Парень замер с поднятой рукой. Инга побледнела так сильно, что стала похожа на мертвеца.

— Ты... ты блефуешь, — прошипела она, но в глазах плескался ужас.

— Проверим? — Лена достала телефон. — Я нажимаю тревожную кнопку.

Инга схватила сына за рукав.

— Пошли, — выдохнула она. — Мы еще встретимся, тварь. В суде встретимся.

— Встретимся, — кивнула Лена. — У меня лучшие адвокаты. Те самые, которых нанимал ваш отец.

Они вылетели из квартиры, хлопнув дверью так, что зазвенел хрусталь в серванте.

Лена медленно опустилась на пол и закрыла лицо руками. Её трясло. Но это была дрожь не страха, а пережитого напряжения. Она справилась. Она не предала старика.

Прошел год.

Город снова готовился к Новому году. Но в этот раз всё было иначе.

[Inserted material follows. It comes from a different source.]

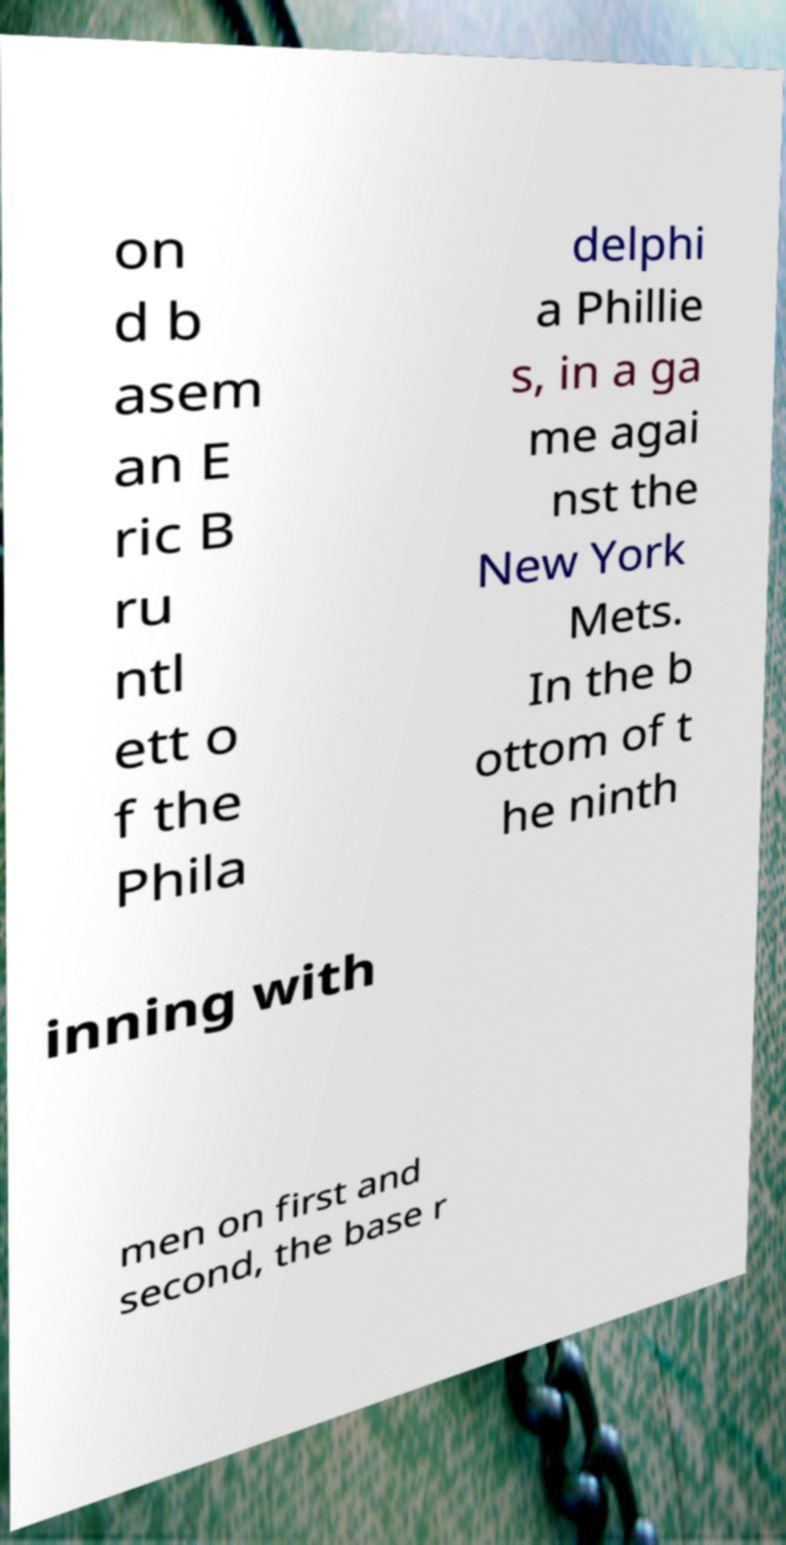Please identify and transcribe the text found in this image. on d b asem an E ric B ru ntl ett o f the Phila delphi a Phillie s, in a ga me agai nst the New York Mets. In the b ottom of t he ninth inning with men on first and second, the base r

В центре города, в старинном особняке, открылся благотворительный фонд "Тепло Сердца" имени Николая Воронова. У входа стояла очередь. Но не за скидками. Сюда шли те, кому было некуда идти. Здесь кормили горячими обедами, выдавали теплую одежду, помогали с лекарствами и ночлегом.

Лена стояла у окна своего кабинета, глядя на падающий снег. Она сильно изменилась за этот год. Взгляд стал увереннее, плечи расправились. Она много училась, работала по двенадцать часов, но теперь эта усталость была приятной.

С судами Вороновы проиграли. Запись того разговора действительно существовала, и Аркадий Семенович блестяще использовал её, чтобы поставить родственников на место. Они притихли, боясь потерять последние дивиденды.

Лена надела пальто — хорошее, теплое, кашемировое — и вышла на улицу. Она любила сама раздавать еду в канун праздника.

У полевой кухни толпились люди. Старики, бездомные, просто бедные семьи. Лена взяла половник.

— Подходите, не стесняйтесь! Сегодня пироги с мясом, горячие! — крикнула она.

К ней подошел сгорбленный дедушка в старой куртке.

— Спасибо, дочка, — прошамкал он, принимая тарелку. — Дай бог тебе здоровья. Лицо у тебя знакомое... Ты не та ли Елена, про которую в газетах писали? Миллионерша?

Лена улыбнулась, поправляя простую вязаную шапку.

— Что вы, дедушка. Я просто Лена. Кушайте, пока горячее.

Она подняла глаза к небу. Снежинки падали на лицо, таяли на ресницах. Ей показалось, что в морозном воздухе на мгновение промелькнул знакомый силуэт в рваном пальто и смешной шапке-ушанке. Старик подмигнул ей и растворился в метели.

"Добро возвращается", — прошептала Лена.

Теперь она точно знала: самое большое богатство — это не счета в банке. Это возможность согреть того, кто замерзает. И пока она это может — она счастлива.